Dependency Injection and Explicit Interface Implementation
Asked Answered
T

3

9

Is there a benefit implementing interfaces explicitly with respect to Dependency Injection?

As far as I understand, interfaces can be implemented either explicitly or implicitly:

interface IFoo
{
    void Bar();
}

//implicit implementation
class Foo1 : IFoo
{
    public void Bar(){}
}

//explicit implementation
class Foo2 : IFoo
{
    void IFoo.Bar(){}
}

Now the explicit implementation can only be called by calling the interface method, while the implicit implementation can be called directly on an instance of the class:

class Baz
{
    void Ba()
    {
        Foo1 foo1 = new Foo1();
        foo1.Bar();

        Foo2 foo2 = new Foo2();
        foo2.Bar();    //syntax error

        IFoo foo2_explicit = new Foo2();
        foo2_explicit.Bar();
    }
}

Thus, using explicit interface implementations, one cannot accidentally call a method on a concrete class, but one has to call the interface method. Does this prevent tightly coupled code as is one purpose of DI or am I barking up the wrong tree here? After all, one cannot accidently write a constructor or method that gets a concrete class injected instead of an interface:

class Baz
{
    void Ba(Foo2 foo)
    {
        foo.Bar(); //syntax error
    }

    void Bb(IFoo foo)
    {
        foo.Bar();
    }
}
Tamberg answered 28/7, 2015 at 11:17 Comment(2)
Could you update your code to use IFoo instead of Foo?

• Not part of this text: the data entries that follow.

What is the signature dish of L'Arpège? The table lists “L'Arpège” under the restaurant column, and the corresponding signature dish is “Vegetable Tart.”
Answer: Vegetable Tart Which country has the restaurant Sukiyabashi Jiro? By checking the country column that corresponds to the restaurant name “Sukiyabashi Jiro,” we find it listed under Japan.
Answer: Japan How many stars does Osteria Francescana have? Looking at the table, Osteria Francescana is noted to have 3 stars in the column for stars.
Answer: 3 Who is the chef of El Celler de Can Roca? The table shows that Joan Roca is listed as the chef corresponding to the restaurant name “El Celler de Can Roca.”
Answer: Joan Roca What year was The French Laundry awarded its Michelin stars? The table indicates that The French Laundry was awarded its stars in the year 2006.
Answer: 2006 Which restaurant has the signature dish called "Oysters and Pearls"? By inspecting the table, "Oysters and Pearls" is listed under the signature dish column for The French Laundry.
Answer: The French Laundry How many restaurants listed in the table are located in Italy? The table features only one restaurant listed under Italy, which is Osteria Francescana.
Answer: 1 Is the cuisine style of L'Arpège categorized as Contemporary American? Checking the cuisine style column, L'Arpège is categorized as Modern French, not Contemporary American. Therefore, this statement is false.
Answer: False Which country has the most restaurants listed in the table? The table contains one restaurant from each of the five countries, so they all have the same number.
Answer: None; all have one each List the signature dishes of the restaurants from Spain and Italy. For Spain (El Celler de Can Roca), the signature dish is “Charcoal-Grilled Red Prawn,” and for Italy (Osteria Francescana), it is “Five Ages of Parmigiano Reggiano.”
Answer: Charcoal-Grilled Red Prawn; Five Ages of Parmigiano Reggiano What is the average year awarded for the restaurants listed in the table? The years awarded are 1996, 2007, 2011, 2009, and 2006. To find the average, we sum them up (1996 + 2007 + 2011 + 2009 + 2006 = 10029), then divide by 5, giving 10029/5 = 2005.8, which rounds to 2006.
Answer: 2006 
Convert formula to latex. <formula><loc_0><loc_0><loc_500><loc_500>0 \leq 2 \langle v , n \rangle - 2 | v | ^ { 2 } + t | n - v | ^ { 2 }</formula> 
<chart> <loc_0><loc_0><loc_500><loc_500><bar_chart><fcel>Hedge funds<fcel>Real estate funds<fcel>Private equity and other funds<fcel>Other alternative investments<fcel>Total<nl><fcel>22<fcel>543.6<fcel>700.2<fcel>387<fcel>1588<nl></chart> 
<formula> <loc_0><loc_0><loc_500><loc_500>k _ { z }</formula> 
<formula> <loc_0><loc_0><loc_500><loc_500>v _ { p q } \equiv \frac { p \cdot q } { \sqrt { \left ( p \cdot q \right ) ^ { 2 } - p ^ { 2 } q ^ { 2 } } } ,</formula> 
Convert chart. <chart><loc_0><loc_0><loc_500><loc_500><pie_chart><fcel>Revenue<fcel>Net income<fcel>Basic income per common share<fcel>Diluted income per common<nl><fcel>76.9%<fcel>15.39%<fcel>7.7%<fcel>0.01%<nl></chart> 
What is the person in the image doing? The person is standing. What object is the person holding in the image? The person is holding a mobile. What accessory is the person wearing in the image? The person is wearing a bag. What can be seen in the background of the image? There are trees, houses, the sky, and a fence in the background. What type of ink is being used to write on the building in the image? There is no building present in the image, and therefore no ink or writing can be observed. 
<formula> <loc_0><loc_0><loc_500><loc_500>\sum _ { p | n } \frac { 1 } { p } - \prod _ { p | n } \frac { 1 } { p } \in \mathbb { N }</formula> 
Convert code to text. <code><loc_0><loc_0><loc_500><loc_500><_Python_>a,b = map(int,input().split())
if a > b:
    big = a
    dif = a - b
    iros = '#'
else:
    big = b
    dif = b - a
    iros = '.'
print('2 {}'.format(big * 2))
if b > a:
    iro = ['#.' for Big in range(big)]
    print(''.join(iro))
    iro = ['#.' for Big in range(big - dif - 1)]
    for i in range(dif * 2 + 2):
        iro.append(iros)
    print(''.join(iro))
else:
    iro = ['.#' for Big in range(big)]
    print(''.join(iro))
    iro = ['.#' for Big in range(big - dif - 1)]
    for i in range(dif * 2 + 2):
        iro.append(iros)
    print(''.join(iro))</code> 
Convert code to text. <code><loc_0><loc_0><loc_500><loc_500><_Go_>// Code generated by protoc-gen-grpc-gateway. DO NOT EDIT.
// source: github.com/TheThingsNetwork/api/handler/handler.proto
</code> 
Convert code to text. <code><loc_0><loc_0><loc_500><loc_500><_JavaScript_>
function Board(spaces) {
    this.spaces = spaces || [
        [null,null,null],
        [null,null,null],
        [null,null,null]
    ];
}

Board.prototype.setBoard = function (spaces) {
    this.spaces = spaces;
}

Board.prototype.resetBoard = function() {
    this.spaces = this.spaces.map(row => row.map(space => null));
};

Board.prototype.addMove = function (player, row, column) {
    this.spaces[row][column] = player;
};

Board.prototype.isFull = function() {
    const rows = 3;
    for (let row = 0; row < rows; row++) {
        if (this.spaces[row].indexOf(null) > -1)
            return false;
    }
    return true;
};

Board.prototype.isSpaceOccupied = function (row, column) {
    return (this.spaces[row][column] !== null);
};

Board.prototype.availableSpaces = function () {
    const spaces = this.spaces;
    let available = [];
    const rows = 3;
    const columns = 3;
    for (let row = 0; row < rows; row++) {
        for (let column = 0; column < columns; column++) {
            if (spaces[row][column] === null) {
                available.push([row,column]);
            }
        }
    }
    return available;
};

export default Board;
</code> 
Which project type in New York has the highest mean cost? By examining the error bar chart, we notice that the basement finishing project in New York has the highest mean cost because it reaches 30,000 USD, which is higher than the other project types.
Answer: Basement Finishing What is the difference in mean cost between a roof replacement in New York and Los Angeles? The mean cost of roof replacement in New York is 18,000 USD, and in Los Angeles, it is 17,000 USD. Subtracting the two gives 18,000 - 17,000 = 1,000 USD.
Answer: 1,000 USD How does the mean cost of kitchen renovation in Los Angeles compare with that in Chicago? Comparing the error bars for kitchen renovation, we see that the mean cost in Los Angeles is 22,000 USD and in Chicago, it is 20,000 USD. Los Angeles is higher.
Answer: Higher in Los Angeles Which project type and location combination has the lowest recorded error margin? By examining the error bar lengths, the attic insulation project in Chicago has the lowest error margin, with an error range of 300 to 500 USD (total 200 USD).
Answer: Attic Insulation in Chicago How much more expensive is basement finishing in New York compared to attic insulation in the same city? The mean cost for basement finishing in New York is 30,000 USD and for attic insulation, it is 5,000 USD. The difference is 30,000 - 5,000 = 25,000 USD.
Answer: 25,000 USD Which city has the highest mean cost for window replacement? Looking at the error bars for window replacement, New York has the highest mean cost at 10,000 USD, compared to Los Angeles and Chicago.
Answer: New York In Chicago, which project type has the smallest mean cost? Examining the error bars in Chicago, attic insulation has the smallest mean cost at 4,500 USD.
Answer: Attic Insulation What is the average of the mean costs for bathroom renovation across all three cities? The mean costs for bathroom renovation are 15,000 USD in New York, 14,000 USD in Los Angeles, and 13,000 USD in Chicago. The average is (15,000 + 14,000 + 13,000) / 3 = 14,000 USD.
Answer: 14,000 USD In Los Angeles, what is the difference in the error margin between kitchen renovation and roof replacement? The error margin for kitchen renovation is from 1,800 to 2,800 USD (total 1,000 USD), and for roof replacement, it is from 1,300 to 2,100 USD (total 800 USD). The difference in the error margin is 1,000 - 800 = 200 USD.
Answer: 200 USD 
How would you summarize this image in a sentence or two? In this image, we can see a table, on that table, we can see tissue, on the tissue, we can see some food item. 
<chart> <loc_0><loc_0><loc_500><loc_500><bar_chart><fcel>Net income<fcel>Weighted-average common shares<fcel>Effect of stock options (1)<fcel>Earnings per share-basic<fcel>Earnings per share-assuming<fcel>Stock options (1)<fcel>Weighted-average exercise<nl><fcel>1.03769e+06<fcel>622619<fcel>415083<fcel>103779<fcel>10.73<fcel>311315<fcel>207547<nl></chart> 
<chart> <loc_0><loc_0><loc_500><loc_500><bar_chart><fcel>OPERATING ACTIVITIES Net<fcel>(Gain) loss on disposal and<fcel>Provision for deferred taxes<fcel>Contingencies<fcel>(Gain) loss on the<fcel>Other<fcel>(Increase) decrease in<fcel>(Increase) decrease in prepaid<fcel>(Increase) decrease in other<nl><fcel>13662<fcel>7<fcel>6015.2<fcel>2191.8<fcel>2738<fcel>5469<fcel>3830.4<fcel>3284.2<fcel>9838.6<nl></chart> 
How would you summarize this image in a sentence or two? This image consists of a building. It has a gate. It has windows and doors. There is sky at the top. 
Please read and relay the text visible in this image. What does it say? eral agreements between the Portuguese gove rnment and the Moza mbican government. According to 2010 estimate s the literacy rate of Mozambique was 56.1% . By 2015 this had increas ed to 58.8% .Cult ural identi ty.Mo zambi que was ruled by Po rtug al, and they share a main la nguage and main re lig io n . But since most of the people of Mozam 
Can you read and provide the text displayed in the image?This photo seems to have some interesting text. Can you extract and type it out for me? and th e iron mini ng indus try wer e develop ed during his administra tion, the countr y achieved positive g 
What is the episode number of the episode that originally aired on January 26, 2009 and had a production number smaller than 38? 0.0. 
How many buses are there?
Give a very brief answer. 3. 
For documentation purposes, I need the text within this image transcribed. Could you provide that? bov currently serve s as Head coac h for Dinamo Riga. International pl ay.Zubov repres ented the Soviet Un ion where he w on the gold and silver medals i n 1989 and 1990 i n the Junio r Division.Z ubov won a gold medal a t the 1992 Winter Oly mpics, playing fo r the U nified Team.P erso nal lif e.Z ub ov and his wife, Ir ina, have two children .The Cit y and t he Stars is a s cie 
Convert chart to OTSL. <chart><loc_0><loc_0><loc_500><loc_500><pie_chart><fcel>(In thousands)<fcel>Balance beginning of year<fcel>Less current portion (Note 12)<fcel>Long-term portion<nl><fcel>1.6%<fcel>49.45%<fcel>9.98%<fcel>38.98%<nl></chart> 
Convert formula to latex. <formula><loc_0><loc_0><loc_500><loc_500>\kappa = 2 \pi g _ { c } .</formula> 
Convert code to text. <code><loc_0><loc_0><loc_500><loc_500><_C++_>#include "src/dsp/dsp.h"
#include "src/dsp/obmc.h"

It's confusing in my opinion...Defrock
Done - sorry, usually I respect code conventions...Tamberg
P
8

Normally, the purpose of Dependency Injection is decoupling, which you achieve by injecting the abstraction into its client:

public class Baz
{
    private readonly IFoo foo;

    public Baz(IFoo foo)
    {
        this.foo = foo;
    }

    // Members using this.foo go here...
}

This ensures that Baz depends on IFoo, and is decoupled from any concrete implementation.

Whether or not a concrete class implements IFoo implicitly or explicitly makes no difference.

Once in a while, a class may have a Concrete Dependency, but this isn't particularly normal; and when it happens, the concrete dependency is concrete, so often will not implement an interface at all. Explicit versus implicit interface implementation is irrelevant in such cases.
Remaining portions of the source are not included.